Wednesday, November 12, 2008

More talk about worship today than in NT

We are talking more about worship today than possibly ever before in Church history, certainly more than the Scriptures do. We need to remember that when we make worship too much the subject, we risk destroying the very thing for which it is intended. The subject can never be worship until the subject is first of all the Lord. To the extent that attention is overly drawn to worship, to the extent that it becomes the primary object of our work, the overriding protocol, within which the Lord and His work are subjects, we can only assume that we have begun to worship worship, or at least, to worship about worship, therefore to worship about God.

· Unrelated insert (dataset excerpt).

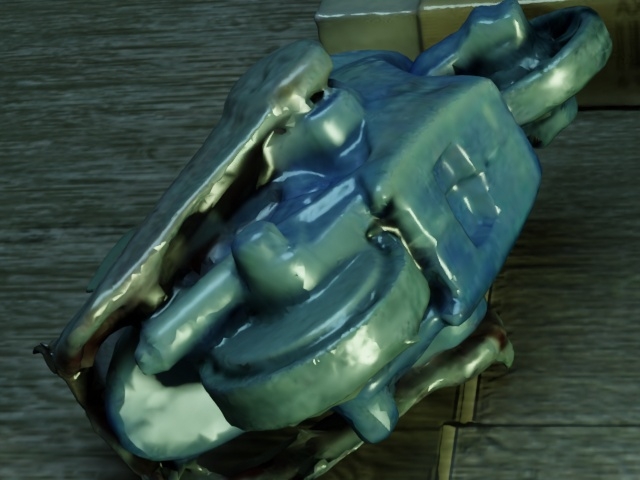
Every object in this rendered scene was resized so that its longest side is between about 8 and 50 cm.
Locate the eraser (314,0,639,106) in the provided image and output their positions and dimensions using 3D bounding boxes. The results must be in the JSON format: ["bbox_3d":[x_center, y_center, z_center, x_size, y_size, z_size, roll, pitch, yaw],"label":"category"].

… While, interestingly enough, there are no definitions of worship in the Bible, there are innumerable ones in just as many books and tracts, many of them sheer poetry. Useful and rich as they are, and with due respect, virtually all of are limited, to put it bluntly, to what goes on in church. This misses, or at most pays lip service, to a fundamental law of worship, which is the beginning of the secret to the difference between authentic and inauthentic worship. It is this: Worship is not a special event or any sequence of them. Worship is fundamental to humankind itself, so much so, that we must assume that it goes on all the time, all around us, inside of us, and, in a paradoxical way, in spite of us.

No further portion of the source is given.